▸ Work required: When you spot the word "april" in a line of the data below, copy that line.

▸ Source data:
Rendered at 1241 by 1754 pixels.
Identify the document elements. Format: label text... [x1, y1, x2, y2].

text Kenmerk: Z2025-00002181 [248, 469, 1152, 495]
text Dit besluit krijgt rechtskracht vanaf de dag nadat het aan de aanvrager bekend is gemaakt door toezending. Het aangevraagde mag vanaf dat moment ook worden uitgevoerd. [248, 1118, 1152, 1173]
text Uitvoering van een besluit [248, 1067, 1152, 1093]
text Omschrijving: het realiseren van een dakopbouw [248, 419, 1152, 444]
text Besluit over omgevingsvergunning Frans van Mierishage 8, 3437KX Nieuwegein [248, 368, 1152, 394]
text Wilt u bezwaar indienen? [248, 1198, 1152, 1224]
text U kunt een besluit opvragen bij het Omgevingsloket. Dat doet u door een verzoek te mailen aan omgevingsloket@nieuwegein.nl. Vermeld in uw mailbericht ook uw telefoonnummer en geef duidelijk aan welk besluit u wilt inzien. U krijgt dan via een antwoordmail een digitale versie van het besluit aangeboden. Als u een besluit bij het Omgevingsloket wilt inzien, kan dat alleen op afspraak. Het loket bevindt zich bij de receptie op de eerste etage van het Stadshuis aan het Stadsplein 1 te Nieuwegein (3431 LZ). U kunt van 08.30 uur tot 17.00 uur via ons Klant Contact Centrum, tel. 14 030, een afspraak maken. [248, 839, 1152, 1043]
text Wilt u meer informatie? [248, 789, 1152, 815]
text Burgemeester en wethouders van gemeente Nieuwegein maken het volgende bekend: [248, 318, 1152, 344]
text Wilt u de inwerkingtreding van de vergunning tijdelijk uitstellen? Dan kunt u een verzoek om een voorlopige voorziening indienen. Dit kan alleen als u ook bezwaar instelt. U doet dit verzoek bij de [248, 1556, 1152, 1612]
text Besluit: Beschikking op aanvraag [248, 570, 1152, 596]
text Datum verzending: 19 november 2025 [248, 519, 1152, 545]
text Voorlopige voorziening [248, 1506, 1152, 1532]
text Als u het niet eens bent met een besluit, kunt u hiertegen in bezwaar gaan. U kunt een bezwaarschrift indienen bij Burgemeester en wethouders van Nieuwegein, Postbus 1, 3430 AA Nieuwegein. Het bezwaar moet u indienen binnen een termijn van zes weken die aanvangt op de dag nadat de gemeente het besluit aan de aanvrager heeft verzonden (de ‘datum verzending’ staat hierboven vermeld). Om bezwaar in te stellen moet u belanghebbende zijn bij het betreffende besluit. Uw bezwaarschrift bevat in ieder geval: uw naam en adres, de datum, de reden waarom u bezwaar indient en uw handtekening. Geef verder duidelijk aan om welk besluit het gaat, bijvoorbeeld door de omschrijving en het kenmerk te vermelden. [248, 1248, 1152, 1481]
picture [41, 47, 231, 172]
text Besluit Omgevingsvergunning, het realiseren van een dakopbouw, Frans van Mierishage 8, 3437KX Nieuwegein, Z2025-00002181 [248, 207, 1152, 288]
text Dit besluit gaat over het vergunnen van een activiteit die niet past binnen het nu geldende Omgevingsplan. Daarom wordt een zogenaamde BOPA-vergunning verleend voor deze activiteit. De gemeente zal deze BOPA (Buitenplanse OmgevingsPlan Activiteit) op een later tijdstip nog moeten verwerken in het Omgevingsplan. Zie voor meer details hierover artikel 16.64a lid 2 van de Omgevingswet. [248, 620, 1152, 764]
==
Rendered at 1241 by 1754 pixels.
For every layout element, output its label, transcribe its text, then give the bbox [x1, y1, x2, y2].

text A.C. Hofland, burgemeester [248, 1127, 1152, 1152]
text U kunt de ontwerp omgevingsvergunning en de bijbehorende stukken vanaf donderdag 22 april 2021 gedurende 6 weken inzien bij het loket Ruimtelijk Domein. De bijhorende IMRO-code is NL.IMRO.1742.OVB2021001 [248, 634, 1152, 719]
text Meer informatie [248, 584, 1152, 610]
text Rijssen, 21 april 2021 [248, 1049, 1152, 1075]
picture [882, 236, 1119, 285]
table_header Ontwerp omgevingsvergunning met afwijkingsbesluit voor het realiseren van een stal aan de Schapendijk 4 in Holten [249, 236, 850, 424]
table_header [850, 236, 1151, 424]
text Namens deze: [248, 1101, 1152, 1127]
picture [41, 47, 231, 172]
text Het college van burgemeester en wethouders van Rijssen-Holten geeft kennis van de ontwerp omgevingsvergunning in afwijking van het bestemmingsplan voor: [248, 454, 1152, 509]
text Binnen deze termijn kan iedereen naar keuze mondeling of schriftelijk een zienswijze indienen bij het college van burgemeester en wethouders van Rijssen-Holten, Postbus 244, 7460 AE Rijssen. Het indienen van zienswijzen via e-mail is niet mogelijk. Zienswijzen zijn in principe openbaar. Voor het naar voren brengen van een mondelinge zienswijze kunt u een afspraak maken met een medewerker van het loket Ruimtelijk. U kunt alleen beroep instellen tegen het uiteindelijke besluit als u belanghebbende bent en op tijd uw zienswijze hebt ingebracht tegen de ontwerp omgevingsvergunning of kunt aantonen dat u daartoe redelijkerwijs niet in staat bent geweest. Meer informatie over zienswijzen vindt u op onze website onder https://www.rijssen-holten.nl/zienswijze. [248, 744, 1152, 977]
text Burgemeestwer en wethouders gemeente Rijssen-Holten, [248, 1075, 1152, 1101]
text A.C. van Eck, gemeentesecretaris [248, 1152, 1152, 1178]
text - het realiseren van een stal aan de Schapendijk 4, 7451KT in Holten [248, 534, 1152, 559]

▸ Task response:
text U kunt de ontwerp omgevingsvergunning en de bijbehorende stukken vanaf donderdag 22 april 2021 gedurende 6 weken inzien bij het loket Ruimtelijk Domein. De bijhorende IMRO-code is NL.IMRO.1742.OVB2021001 [248, 634, 1152, 719]
text Rijssen, 21 april 2021 [248, 1049, 1152, 1075]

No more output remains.